Steve Censky, CEO of the American Soybean Association and a former deputy USDA secretary under the Trump administration, said his growers are concerned about how the Biden administration's EPA makes decisions on crop protection tools that farmers rely on.
"Our message to them is, don't be making a decision to take tools away when we already have high herbicide costs and availability quite low," Censky said. "We can't be taking those tools away from farmers because that will just add to the supply chain issues."
Censky added, "Same thing on the fertilizer side. We've seen phosphate and potash prices double. We've seen nitrogen prices tripled."
That's one reason ASA, NGCA, NAWG and NSP have each tried to appeal to the International Trade Commission to rescind import tariffs placed on phosphate from Morocco, as well as opposition to putting tariffs on nitrogen products from Trinidad and Tobago that are under review. "It just does not make any sense and the economic circumstances just don't warrant that," he said.
Depending on the outcome of the fall elections, the House Agriculture Committee could have more than half of its members who weren't around for the 2018 farm bill vote, Goule noted. That would require spending a lot of time in 2023 just educating newer members about the various titles of the farm bill and programs involved in each area of USDA.

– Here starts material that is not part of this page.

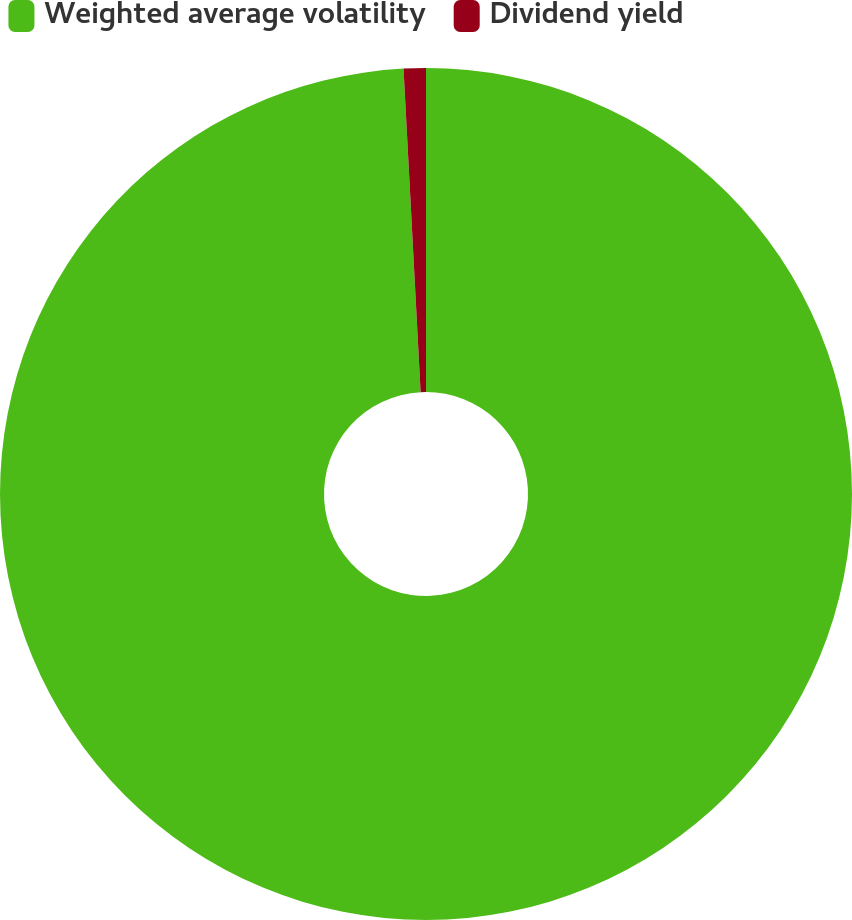<chart> <loc_0><loc_0><loc_500><loc_500><pie_chart><fcel>Weighted average volatility<fcel>Dividend yield<nl><fcel>99.16%<fcel>0.84%<nl></chart>

NAWG likely will wait until this summer to focus more on farm bill policies, but Goule and Censky both pointed out the need to raise reference prices. Censky said the reference price soybeans under the Agricultural Risk Coverage/Price Loss Coverage programs, $8.40 a bushel, is so low it didn't trigger payments even during the trade war with China that dragged down commodity prices. He also said higher production costs should factor into reference prices as well.
"I think that has always factored into how Congress has set (reference prices)," Censky said. "It's not necessarily only based on cost of production, but it's one of those factors that Congress has always traditionally considered in setting those reference prices, or target prices, previously," Censky said.
Goule added that farmers were seeing higher production costs even before the Russia-Ukraine conflict and the farm bill should protect against those higher production costs. "Reference prices have got to be able to come more in line with what our true cost of production is," Goule said. "Otherwise, it's not a true safety net."